Оба стояли на лестнице, ведущей из уборной на сцену. Яковлев пожевал своими толстыми, отвисшими губами.

– Хорош! Хорош-то хорош, а все-таки… мальчик. Кто видел в «Гамлете» Мочалова, того, братец ты мой, уже ничем не удивишь. А я, братец мой, еще вот таким поросенком, как ты, был, когда удостоился этого счастья. И когда умирать буду, так вспомню этот самый миг, как блаженнейший в моей жизни. Понимаешь ли, когда на сцене он вставал с полу и говорил: «Оленя ранили стрелой»,– так зрители, как один человек, поднимались, не смея дохнуть, со своих мест. А вот ты нарочно посмотри, что он сделает в этой сцене.

– Очень уж вы строги, Валерий Николаич.

– Ничего не строг. Да вы и смотреть-то, по правде говоря, не умеете. Ты думаешь, я на кого гляжу?

– А на кого-с?

– Ты посмотри-ка, братец мой, на Офелию… Вот это – актриса!

– Да ведь она, Валерий Николаевич, на выходах.

– Идиот! Ты ведь небось и не заметил, как она это сказала:

Он о любви мне говорил, но так

Был нежен, так почтителен и робок!

Конечно, не заметил. А я вот скоро тридцатый год на сцене и скажу тебе, что еще ничего подобного не слыхал. Это – талант. И помяни мое слово, что ее в четвертом акте публика так примет, что твоему Костромскому жарко сделается. То-то!

V

Трагедия шла. Предсказание патриарха, по-видимому, сбывалось. Увлечения Костромского хватило только на первый акт. Его уже не могли возбудить вторично ни вызовы, ни рукоплескания, ни зрелище громадной толпы поклонников, набившейся за кулисы и с нежным благоговением созерцавшей его. У него теперь в его распоряжении оставался лишь крошечный запас той энергии и чувств, которые он всего года два-три тому назад разбрасывал с царственной щедростью в каждой сцене.

Костромской, опьяненный первым шумным криком, который ему сделала публика, уже растратил в первом действии этот незначительный запас. Его воля ослабла, приподнятые нервы размякли, и даже усиленные приемы алкоголя не могли оживить их.

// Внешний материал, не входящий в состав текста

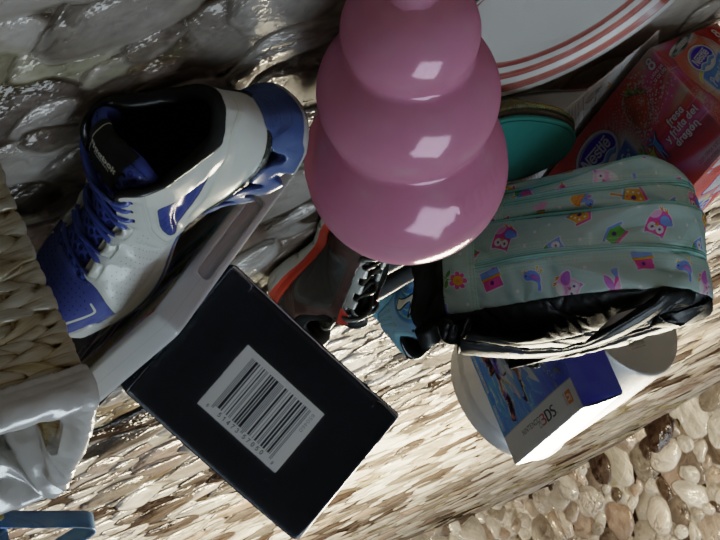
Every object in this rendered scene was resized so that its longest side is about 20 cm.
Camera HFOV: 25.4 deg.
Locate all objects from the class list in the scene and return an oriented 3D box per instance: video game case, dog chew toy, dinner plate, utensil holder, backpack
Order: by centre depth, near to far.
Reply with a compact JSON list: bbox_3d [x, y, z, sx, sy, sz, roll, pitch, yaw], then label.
[{"bbox_3d":[0.028,-0.094,0.920,0.123,0.125,0.201,-20,147,-15],"label":"dog chew toy"},{"bbox_3d":[0.127,-0.169,1.007,0.198,0.024,0.200,-24,165,-7],"label":"dinner plate"},{"bbox_3d":[-0.138,0.024,1.061,0.200,0.024,0.183,-38,-166,41],"label":"video game case"},{"bbox_3d":[0.150,-0.003,1.141,0.198,0.128,0.166,-13,170,30],"label":"backpack"},{"bbox_3d":[0.146,0.054,1.440,0.045,0.202,0.181,-16,163,-21],"label":"video game case"},{"bbox_3d":[0.224,0.089,1.756,0.169,0.171,0.200,-9,156,-45],"label":"utensil holder"}]

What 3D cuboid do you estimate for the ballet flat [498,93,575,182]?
[{"bbox_3d":[0.061,-0.090,1.090,0.199,0.071,0.071,-18,164,-33],"label":"ballet flat"}]

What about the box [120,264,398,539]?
[{"bbox_3d":[-0.080,0.082,1.095,0.107,0.148,0.200,-49,-169,-8],"label":"box"}]

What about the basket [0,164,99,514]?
[{"bbox_3d":[-0.272,0.064,0.899,0.198,0.162,0.198,-19,164,-23],"label":"basket"}]

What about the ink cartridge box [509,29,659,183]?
[{"bbox_3d":[0.139,-0.106,1.229,0.200,0.050,0.161,-42,165,-2],"label":"ink cartridge box"}]

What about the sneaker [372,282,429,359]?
[{"bbox_3d":[0.068,0.015,1.396,0.078,0.091,0.200,-18,160,-22],"label":"sneaker"}]

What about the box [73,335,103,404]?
[{"bbox_3d":[-0.286,0.100,1.222,0.199,0.044,0.160,-13,161,-38],"label":"box"}]

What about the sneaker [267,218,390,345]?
[{"bbox_3d":[0.000,0.000,1.259,0.076,0.083,0.200,-14,162,-34],"label":"sneaker"}]

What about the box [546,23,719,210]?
[{"bbox_3d":[0.224,-0.081,1.231,0.102,0.095,0.200,-24,158,-43],"label":"box"}]

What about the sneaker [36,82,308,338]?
[{"bbox_3d":[-0.135,-0.049,0.919,0.199,0.081,0.115,-38,157,20],"label":"sneaker"}]

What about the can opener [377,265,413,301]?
[{"bbox_3d":[-0.002,0.026,1.345,0.053,0.068,0.199,14,150,-36],"label":"can opener"}]

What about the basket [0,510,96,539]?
[{"bbox_3d":[-0.360,0.253,1.432,0.199,0.140,0.176,5,148,-43],"label":"basket"}]

Незримая связь, возникшая сначала между ним и публикой, постепенно таяла, и хотя после второго акта зрители аплодировали так же искренно, как и в конце первого, но было ясно, что аплодируют уже не ему, а обаянию его знаменитого имени.

Зато с каждым своим выходом выдвигалась вперед Офелия – Юрьева. С этой незаметной актриской, исполнявшей до сих пор самые невыигрышные роли наперсниц и гостей, точно произошло какое-то чудо. Казалось, она целиком воплотилась в облик дочери Полония – нежной, кроткой и послушной девушки, с ее глубокими чувствами и сильной любовью, с ее душой, отравленной ядом печали.

Юрьевой еще не рукоплескали, но за ней уже следили, и, когда она появлялась на сцене, театр внимательно смолкал. Сама того не подозревая, она боролась с великим артистом, вырывая у него внимание толпы и успех, а зрители так же бессознательно следили за этой борьбой.